> _WHAT YOU ARE ASKED TO DO_:
Starting with the first line and ending with the line that holds "8) toy dinosaur", repeat the material exactly.

> _DATA PROVIDED_:
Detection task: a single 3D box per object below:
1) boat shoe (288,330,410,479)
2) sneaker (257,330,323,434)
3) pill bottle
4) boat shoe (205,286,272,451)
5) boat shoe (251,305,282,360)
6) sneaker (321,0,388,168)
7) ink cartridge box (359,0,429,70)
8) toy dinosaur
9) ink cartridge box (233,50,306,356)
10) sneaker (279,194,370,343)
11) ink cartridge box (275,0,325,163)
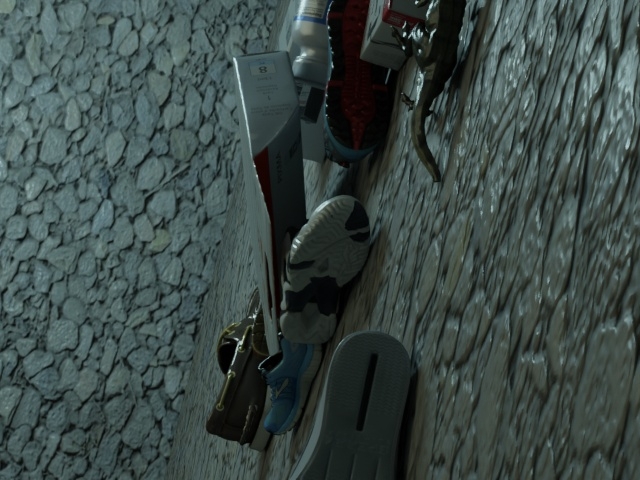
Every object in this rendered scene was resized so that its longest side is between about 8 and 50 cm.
[{"bbox_3d":[0.023,0.227,1.266,0.094,0.109,0.302,89,-162,-57],"label":"boat shoe"},{"bbox_3d":[-0.050,0.179,1.845,0.063,0.073,0.162,-92,19,-63],"label":"sneaker"},{"bbox_3d":[0.028,-0.331,2.059,0.124,0.124,0.222,-161,85,-82],"label":"pill bottle"},{"bbox_3d":[-0.111,0.180,2.173,0.324,0.096,0.117,-84,12,-48],"label":"boat shoe"},{"bbox_3d":[-0.066,0.122,2.114,0.178,0.064,0.060,-75,0,-51],"label":"boat shoe"},{"bbox_3d":[0.040,-0.217,1.852,0.125,0.104,0.262,118,165,-65],"label":"sneaker"},{"bbox_3d":[0.097,-0.286,1.747,0.135,0.056,0.099,124,158,-65],"label":"ink cartridge box"},{"bbox_3d":[0.114,-0.185,1.464,0.118,0.064,0.268,163,118,-73],"label":"toy dinosaur"},{"bbox_3d":[-0.051,-0.034,1.967,0.385,0.091,0.308,-105,9,-49],"label":"ink cartridge box"},{"bbox_3d":[0.000,0.000,1.756,0.153,0.094,0.235,-96,11,-45],"label":"sneaker"},{"bbox_3d":[-0.012,-0.289,2.282,0.197,0.114,0.273,-93,21,-62],"label":"ink cartridge box"}]
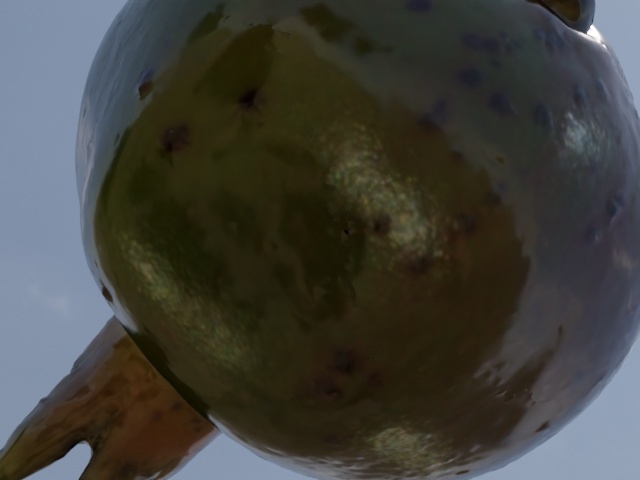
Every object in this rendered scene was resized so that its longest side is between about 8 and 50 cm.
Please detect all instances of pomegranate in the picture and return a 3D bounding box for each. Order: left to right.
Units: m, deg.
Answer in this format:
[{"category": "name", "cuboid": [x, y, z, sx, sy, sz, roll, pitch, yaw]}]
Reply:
[{"category": "pomegranate", "cuboid": [-0.006, 0.002, 0.458, 0.198, 0.246, 0.198, 47, -14, 16]}]
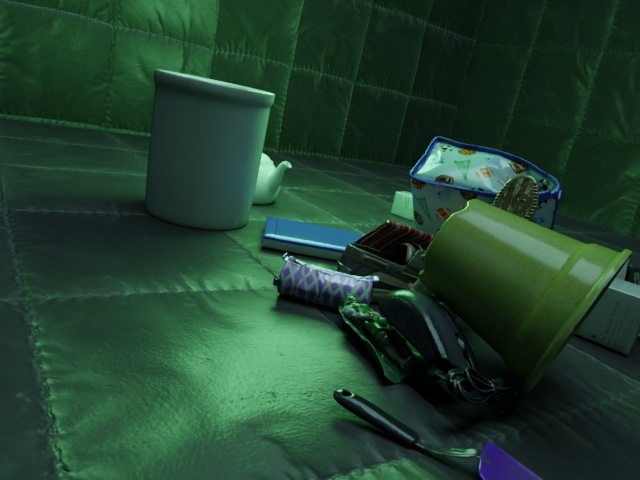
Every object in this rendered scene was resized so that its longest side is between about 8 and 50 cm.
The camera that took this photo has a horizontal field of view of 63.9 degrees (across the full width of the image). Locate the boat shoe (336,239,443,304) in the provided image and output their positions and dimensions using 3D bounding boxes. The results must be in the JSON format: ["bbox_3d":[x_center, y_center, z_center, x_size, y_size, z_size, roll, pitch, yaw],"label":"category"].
[{"bbox_3d":[0.203,0.073,1.174,0.355,0.130,0.132,5,17,-24],"label":"boat shoe"}]

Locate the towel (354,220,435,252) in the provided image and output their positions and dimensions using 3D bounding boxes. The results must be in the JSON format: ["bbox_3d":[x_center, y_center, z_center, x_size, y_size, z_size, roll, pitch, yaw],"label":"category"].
[{"bbox_3d":[0.243,0.029,1.284,0.274,0.031,0.199,19,-22,-15],"label":"towel"}]

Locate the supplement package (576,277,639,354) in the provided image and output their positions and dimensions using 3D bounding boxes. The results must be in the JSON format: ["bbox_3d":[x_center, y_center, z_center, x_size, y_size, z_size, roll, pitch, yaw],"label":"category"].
[{"bbox_3d":[0.633,0.147,1.226,0.244,0.139,0.133,22,18,35],"label":"supplement package"}]

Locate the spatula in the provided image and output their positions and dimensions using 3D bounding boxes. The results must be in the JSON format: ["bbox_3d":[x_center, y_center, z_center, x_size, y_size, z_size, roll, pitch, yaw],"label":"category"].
[{"bbox_3d":[0.147,0.262,0.661,0.296,0.030,0.084,19,19,22],"label":"spatula"}]

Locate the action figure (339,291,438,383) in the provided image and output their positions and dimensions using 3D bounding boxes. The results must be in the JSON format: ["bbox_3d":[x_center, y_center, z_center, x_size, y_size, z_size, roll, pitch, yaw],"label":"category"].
[{"bbox_3d":[0.103,0.160,0.919,0.137,0.064,0.232,15,15,-37],"label":"action figure"}]

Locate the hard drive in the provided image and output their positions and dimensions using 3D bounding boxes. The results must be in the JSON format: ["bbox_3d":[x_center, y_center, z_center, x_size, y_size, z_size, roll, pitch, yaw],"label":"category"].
[{"bbox_3d":[0.000,0.000,1.442,0.318,0.040,0.210,10,16,-7],"label":"hard drive"}]

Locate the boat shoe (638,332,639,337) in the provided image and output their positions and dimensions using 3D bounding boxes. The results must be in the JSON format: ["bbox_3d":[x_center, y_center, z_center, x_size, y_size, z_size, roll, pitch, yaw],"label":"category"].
[{"bbox_3d":[0.816,0.217,1.225,0.094,0.109,0.302,-2,7,-4],"label":"boat shoe"}]

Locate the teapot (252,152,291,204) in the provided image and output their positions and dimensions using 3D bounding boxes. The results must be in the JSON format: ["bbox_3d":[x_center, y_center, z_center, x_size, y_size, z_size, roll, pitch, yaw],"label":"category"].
[{"bbox_3d":[-0.259,-0.247,1.842,0.255,0.187,0.252,6,16,-17],"label":"teapot"}]

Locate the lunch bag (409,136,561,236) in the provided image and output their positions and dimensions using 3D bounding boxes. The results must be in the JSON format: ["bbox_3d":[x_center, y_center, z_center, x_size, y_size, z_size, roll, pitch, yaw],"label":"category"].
[{"bbox_3d":[0.467,-0.079,1.478,0.385,0.328,0.239,19,55,27],"label":"lunch bag"}]

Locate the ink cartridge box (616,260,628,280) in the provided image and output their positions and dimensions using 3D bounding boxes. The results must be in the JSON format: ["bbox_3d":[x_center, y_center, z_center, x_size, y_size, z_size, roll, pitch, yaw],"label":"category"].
[{"bbox_3d":[0.732,0.096,1.432,0.176,0.128,0.128,16,-8,14],"label":"ink cartridge box"}]

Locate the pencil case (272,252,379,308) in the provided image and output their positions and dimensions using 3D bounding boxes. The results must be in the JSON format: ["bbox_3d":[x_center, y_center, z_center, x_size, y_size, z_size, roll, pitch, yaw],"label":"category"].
[{"bbox_3d":[0.011,0.089,1.058,0.206,0.088,0.086,14,17,4],"label":"pencil case"}]

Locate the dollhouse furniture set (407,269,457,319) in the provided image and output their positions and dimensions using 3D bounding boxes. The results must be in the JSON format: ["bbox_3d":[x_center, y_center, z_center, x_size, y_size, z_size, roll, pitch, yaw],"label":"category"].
[{"bbox_3d":[0.333,0.105,1.030,0.242,0.212,0.161,38,13,-6],"label":"dollhouse furniture set"}]

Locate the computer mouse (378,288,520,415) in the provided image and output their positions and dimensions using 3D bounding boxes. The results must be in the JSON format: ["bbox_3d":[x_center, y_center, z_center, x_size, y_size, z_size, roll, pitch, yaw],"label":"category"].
[{"bbox_3d":[0.201,0.156,0.833,0.188,0.072,0.272,25,14,-43],"label":"computer mouse"}]

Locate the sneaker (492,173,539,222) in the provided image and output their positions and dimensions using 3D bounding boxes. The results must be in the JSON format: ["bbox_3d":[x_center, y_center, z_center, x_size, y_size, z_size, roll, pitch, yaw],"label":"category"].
[{"bbox_3d":[0.483,-0.013,1.274,0.099,0.282,0.153,13,-6,35],"label":"sneaker"}]

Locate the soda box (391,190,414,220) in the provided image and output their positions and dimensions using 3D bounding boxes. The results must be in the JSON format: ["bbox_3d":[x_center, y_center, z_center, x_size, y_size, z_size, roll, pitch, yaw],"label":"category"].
[{"bbox_3d":[0.432,-0.116,2.063,0.286,0.098,0.091,23,20,33],"label":"soda box"}]

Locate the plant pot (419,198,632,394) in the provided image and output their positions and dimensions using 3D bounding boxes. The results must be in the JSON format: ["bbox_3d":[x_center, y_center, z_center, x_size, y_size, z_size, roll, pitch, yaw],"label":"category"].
[{"bbox_3d":[0.318,0.068,0.867,0.254,0.276,0.276,36,26,28],"label":"plant pot"}]

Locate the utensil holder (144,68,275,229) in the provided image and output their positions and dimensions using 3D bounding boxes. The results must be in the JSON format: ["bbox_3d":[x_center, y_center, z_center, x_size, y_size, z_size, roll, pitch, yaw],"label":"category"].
[{"bbox_3d":[-0.322,-0.256,1.461,0.327,0.386,0.328,11,15,-3],"label":"utensil holder"}]

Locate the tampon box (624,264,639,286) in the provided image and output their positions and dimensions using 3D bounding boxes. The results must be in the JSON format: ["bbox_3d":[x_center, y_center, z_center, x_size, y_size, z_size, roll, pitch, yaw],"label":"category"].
[{"bbox_3d":[0.907,0.145,1.425,0.160,0.102,0.120,13,-15,6],"label":"tampon box"}]

> _RESULT OF THE EXERCISE_:
Detection task: a single 3D box per object below:
1) boat shoe (288,330,410,479)
2) sneaker (257,330,323,434)
3) pill bottle
4) boat shoe (205,286,272,451)
5) boat shoe (251,305,282,360)
6) sneaker (321,0,388,168)
7) ink cartridge box (359,0,429,70)
8) toy dinosaur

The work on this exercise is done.